REQUIRED WORK:
Which lines run from the one containing "Next, the cardboard box (1127,452,1324,687)." through the end of the material? Transcribe them word for word, and only them.

EXTRACTED ENTRIES:
------------------------------------------------
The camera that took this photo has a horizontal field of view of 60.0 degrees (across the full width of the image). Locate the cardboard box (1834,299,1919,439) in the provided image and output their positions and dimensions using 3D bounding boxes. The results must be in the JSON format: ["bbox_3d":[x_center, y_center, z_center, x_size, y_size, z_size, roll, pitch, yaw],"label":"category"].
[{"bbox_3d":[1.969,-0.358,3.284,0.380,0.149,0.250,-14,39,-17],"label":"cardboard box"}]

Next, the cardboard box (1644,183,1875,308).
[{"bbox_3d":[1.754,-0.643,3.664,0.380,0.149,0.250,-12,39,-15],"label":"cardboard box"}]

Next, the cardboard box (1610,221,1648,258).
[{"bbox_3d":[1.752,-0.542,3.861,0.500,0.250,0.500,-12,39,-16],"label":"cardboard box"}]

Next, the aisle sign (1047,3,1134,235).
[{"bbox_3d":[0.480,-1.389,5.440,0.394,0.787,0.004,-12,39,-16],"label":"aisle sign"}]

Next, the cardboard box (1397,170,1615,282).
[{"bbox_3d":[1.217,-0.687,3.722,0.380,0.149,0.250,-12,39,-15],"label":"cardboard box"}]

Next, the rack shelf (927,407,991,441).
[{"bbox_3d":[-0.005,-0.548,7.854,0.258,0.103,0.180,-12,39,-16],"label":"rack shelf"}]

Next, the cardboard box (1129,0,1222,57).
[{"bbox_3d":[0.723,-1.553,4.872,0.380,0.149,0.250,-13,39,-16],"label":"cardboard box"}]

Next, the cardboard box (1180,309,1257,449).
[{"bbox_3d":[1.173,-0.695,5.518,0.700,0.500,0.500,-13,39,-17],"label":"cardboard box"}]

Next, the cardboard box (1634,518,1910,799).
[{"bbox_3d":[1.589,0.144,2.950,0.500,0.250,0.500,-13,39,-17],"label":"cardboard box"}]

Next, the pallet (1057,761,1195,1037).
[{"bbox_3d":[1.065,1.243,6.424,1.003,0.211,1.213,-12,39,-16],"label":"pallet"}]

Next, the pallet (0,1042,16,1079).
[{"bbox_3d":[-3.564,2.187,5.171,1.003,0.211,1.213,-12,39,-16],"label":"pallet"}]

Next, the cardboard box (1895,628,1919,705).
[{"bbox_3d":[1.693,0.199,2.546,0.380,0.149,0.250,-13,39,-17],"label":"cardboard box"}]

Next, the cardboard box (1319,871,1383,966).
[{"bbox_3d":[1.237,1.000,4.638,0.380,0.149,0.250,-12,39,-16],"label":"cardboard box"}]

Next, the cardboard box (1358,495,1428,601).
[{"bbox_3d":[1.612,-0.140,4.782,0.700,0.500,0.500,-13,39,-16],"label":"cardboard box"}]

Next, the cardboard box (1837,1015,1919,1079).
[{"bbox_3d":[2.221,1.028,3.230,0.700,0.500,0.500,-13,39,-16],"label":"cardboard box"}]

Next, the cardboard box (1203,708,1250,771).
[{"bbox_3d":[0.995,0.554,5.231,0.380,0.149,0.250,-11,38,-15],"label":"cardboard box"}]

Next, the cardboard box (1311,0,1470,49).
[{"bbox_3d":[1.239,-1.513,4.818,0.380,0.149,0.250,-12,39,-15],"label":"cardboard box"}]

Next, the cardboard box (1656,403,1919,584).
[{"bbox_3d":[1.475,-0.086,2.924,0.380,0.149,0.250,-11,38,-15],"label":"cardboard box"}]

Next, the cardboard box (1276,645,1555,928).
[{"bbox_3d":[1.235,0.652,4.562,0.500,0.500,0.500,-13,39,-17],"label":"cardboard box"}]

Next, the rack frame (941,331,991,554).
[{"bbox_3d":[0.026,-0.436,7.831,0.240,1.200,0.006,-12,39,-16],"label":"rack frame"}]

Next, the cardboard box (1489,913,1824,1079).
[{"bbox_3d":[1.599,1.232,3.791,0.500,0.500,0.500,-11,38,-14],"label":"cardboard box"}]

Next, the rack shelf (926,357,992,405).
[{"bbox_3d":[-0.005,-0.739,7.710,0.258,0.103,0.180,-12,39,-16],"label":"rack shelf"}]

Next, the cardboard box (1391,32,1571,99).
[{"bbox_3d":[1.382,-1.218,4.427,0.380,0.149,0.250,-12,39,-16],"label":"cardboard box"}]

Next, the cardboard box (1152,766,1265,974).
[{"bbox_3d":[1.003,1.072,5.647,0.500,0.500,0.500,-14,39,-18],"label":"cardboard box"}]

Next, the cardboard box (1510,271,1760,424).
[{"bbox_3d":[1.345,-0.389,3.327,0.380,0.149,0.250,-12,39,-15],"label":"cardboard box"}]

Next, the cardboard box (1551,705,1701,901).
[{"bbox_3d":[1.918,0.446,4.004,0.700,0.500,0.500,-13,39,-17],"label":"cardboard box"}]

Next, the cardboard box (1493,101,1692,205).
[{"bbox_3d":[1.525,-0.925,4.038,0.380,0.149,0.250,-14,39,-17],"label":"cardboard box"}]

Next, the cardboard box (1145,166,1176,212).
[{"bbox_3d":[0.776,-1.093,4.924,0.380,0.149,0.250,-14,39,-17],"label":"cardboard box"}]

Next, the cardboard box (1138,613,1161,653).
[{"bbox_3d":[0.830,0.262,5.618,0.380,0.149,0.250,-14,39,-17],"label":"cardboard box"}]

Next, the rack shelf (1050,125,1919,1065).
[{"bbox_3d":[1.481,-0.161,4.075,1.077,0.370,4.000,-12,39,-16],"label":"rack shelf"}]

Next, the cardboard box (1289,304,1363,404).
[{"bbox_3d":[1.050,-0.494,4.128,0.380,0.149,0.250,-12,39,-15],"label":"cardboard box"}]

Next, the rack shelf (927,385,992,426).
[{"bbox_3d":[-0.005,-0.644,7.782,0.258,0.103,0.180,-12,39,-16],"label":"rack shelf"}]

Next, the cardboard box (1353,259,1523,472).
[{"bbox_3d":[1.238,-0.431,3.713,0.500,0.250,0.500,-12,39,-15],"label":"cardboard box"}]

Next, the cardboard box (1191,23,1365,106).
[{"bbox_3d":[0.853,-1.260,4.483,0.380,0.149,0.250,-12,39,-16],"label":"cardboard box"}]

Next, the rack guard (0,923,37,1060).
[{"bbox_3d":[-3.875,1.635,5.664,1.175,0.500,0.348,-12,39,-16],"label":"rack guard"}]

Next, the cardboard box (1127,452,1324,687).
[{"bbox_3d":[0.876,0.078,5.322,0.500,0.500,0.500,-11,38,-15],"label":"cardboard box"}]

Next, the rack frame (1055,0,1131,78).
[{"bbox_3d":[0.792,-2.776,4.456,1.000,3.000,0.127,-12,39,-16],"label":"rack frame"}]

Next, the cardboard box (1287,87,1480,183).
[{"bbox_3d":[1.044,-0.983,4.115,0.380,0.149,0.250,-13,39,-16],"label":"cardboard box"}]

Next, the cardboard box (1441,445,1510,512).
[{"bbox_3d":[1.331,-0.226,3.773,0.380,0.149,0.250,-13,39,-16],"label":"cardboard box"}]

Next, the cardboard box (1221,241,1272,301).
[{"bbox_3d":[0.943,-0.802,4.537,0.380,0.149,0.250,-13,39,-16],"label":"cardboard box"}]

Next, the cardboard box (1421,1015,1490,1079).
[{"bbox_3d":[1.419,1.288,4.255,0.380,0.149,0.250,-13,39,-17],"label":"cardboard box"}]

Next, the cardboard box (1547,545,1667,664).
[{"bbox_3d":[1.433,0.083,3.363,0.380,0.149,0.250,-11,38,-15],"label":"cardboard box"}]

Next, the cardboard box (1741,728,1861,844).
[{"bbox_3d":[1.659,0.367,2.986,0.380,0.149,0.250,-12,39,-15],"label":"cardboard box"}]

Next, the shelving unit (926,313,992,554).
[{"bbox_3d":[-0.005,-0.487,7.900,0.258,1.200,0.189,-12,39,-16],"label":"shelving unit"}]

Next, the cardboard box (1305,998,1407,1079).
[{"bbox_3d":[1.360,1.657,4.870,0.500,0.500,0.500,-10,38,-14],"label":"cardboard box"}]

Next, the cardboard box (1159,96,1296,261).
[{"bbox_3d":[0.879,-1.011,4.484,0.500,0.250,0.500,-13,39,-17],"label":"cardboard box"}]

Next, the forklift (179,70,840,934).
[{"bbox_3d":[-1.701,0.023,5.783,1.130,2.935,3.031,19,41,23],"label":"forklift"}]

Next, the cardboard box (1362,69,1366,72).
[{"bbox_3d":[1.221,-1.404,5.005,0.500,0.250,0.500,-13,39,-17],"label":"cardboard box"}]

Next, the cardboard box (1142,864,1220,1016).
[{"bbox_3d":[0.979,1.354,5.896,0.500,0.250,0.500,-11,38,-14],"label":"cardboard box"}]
------------------------------------------------
FINAL ANSWER:
Next, the cardboard box (1127,452,1324,687).
[{"bbox_3d":[0.876,0.078,5.322,0.500,0.500,0.500,-11,38,-15],"label":"cardboard box"}]

Next, the rack frame (1055,0,1131,78).
[{"bbox_3d":[0.792,-2.776,4.456,1.000,3.000,0.127,-12,39,-16],"label":"rack frame"}]

Next, the cardboard box (1287,87,1480,183).
[{"bbox_3d":[1.044,-0.983,4.115,0.380,0.149,0.250,-13,39,-16],"label":"cardboard box"}]

Next, the cardboard box (1441,445,1510,512).
[{"bbox_3d":[1.331,-0.226,3.773,0.380,0.149,0.250,-13,39,-16],"label":"cardboard box"}]

Next, the cardboard box (1221,241,1272,301).
[{"bbox_3d":[0.943,-0.802,4.537,0.380,0.149,0.250,-13,39,-16],"label":"cardboard box"}]

Next, the cardboard box (1421,1015,1490,1079).
[{"bbox_3d":[1.419,1.288,4.255,0.380,0.149,0.250,-13,39,-17],"label":"cardboard box"}]

Next, the cardboard box (1547,545,1667,664).
[{"bbox_3d":[1.433,0.083,3.363,0.380,0.149,0.250,-11,38,-15],"label":"cardboard box"}]

Next, the cardboard box (1741,728,1861,844).
[{"bbox_3d":[1.659,0.367,2.986,0.380,0.149,0.250,-12,39,-15],"label":"cardboard box"}]

Next, the shelving unit (926,313,992,554).
[{"bbox_3d":[-0.005,-0.487,7.900,0.258,1.200,0.189,-12,39,-16],"label":"shelving unit"}]

Next, the cardboard box (1305,998,1407,1079).
[{"bbox_3d":[1.360,1.657,4.870,0.500,0.500,0.500,-10,38,-14],"label":"cardboard box"}]

Next, the cardboard box (1159,96,1296,261).
[{"bbox_3d":[0.879,-1.011,4.484,0.500,0.250,0.500,-13,39,-17],"label":"cardboard box"}]

Next, the forklift (179,70,840,934).
[{"bbox_3d":[-1.701,0.023,5.783,1.130,2.935,3.031,19,41,23],"label":"forklift"}]

Next, the cardboard box (1362,69,1366,72).
[{"bbox_3d":[1.221,-1.404,5.005,0.500,0.250,0.500,-13,39,-17],"label":"cardboard box"}]

Next, the cardboard box (1142,864,1220,1016).
[{"bbox_3d":[0.979,1.354,5.896,0.500,0.250,0.500,-11,38,-14],"label":"cardboard box"}]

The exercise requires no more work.